States confront enforcement challenges as US DOJ, FTC scoop up talented antitrust lawyers

30 December 2022 16:23 by Khushita Vasant, Chris May

US Flag

US state attorneys general are working to cope with the attrition of their best antitrust lawyers, who are being cherry-picked by the US Department of Justice and the Federal Trade Commission.

As states take on the well-staffed, well-funded legal teams of giant corporations, state attorneys general are becoming increasingly vocal about federal agencies poaching their most talented and senior staff.

“They keep stealing our people,” Karl Racine, attorney general of the District of Columbia, told MLex in a recent interview on the sidelines of a nonpartisan national forum for US state attorneys general.

US states partner with the DOJ’s antitrust division and the Federal Trade Commission to chase down anticompetitive conduct, but the states also spearhead their own investigations despite limited staffing and funding.

Federal agencies, however, are finding themselves hungry for talent with the Biden administration's whole-of-government approach to competition regulation.

DC staff

Racine cited the FTC’s current acting chief of staff, Elizabeth Wilkins, who had been chief of staff and a senior policy counsel at the District of Columbia AG's office from 2016 to 2020. Wilkins landed a position with the Biden transition team before heading to the FTC.

Racine noted the loss of another colleague, Ben Wiseman, now deputy director in the FTC’s Bureau of Consumer Protection. Wiseman spent six years working on Racine's team — first as assistant attorney general and later as director of the District of Columbia Office of Consumer Protection.

Gwendolyn Cooley, Wisconsin's assistant attorney general for antitrust and chair of the National Association of Attorneys General Multistate Antitrust Task Force, said at a recent conference that her office continues to seek antitrust lawyers.

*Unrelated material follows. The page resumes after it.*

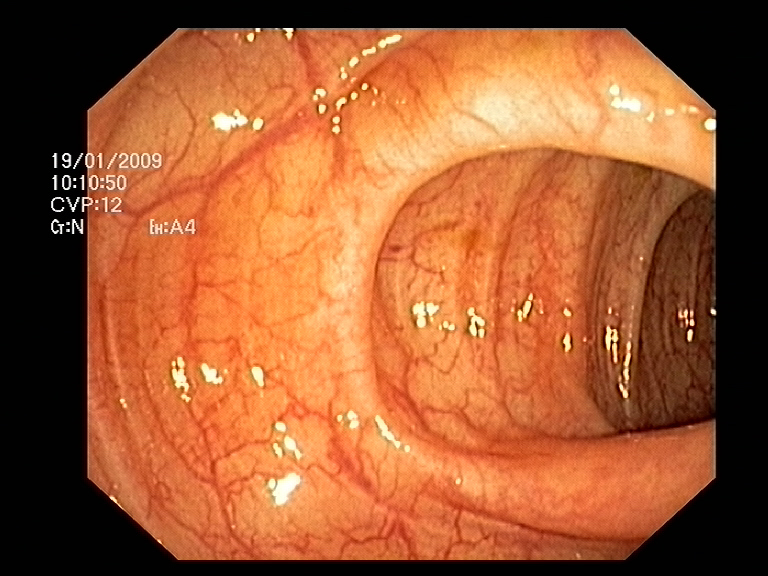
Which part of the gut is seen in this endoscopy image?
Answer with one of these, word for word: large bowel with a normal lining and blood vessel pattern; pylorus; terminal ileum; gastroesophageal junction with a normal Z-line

large bowel with a normal lining and blood vessel pattern

She urged reporters huddling around her to spread the word.

“We are staffing up, but we still need more bodies," Cooley said. "Nobody has enough resources. We’ve been surprisingly effective with the resources. We're really getting some great people joining our group, but we always need more people.”

Attrition

Other AG offices have also seen losses of top antitrust counsel this year.

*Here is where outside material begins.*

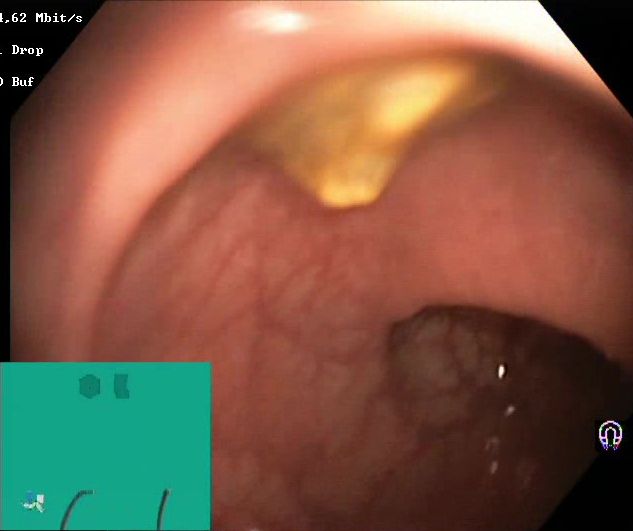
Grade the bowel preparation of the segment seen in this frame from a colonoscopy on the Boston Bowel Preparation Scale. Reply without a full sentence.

Boston Bowel Preparation Scale score 2–3 (adequate preparation)

The DOJ picked Sarah Allen to be the agency’s special counsel for state relations. Allen had been leading Virginia's efforts in multistate lawsuits against Google and Facebook, and spent more than 20 years at the Virginia attorney general’s office as senior assistant attorney general and antitrust unit manager.

“You know, Virginia has got a really good antitrust group," said Andrew Ferguson, Virginia’s solicitor general, at a recent conference. "In fact, it was so good the DOJ hired the leader of our antitrust group months ago.”

Ferguson shared a panel with Doha Mekki, the DOJ’s principal deputy assistant attorney general for antitrust.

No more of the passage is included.